У обоих детей ожог был семьдесят-восемьдесят процентов, и в наших условиях шансов спасти их было ровно ноль. Мы начали реанимационные мероприятия. Во-первых, поставили катетеры в центральные вены, затем перевели деток на искусственную вентиляцию легких. Надо было что-то решать. Подтянулись главный врач и наша мать-покровительница, наша начмед Антонина Ивановна.
– Артем, я сейчас связываюсь с областью, главный врач – с вертолетчиками, – сразу оценив ситуацию, командным голосом сказала она. – Если есть погода, то через двадцать-сорок минут в машину и на аэродром. Это наш единственный шанс спасти детей. Если и помогут, то только в областном ожоговом центре.
Мы продолжали противошоковую терапию. Тревожно-выездной чемодан был готов всегда.

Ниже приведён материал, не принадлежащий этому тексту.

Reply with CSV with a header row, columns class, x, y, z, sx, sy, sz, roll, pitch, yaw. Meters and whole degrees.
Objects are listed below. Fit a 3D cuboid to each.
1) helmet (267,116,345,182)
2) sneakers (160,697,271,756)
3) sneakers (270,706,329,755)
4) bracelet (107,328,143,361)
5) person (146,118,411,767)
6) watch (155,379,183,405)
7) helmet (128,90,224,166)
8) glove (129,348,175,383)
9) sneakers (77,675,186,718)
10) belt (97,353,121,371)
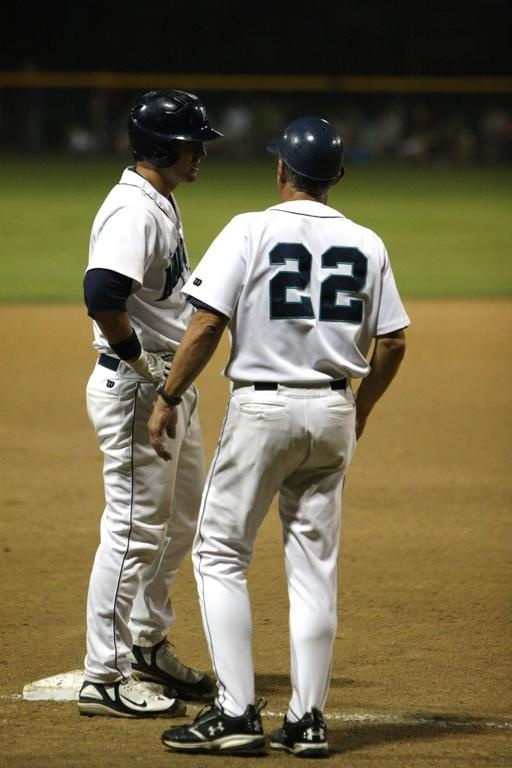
class,x,y,z,sx,sy,sz,roll,pitch,yaw
helmet,0.139,-0.672,3.029,0.174,0.112,0.211,-16,48,-31
sneakers,-0.106,0.969,2.952,0.357,0.151,0.130,0,-18,3
sneakers,0.132,0.979,2.936,0.086,0.092,0.224,5,-5,-24
bracelet,-0.378,-0.108,3.105,0.094,0.092,0.089,-18,42,18
person,0.062,0.176,2.977,0.619,1.854,0.805,13,18,42
watch,-0.248,0.023,2.971,0.036,0.059,0.059,-41,36,-5
helmet,-0.298,-0.822,3.328,0.317,0.199,0.219,15,27,14
glove,-0.326,-0.041,3.159,0.113,0.042,0.106,30,42,-11
sneakers,-0.398,0.977,3.271,0.369,0.136,0.122,0,1,-11
belt,-0.465,-0.068,3.247,0.066,0.047,0.064,20,-1,-34

Решили, что полечу я и две сестры-анестезистки – Марья Петровна и Аня.
Марья, как мы ее звали, начинала давать наркозы, когда о специальности «анестезиолог» еще и не слыхивали, была толста и похожа на кубышку. Анна была ростом с меня, мужского телосложения, суровая и неулыбчивая, при этом прекрасный профессионал.
Народ в концертном зале уже садился за праздничные столы и выпивал по первой, а мы в это время отъезжали на скорой от больницы. Наш аэродром находился в котловине между гор и представлял собой обычное поле, засеянное травой с деревянным домиком аэровокзала. Букашка «Ми-2» с неприспособленным грузовым отсеком еле вместил нас. Детей на одних носилках расположили на полу, сами сели рядом. Двое поочередно дышали мешками «Амбу» (тогда еще не было транспортных аппаратов искусственной вентиляции легких), а один держал капельницы на весу. И все это в полусогнутом, скрюченном состоянии.
Лететь было по времени два часа. Но время тянулось не как два, а как все двадцать два часа.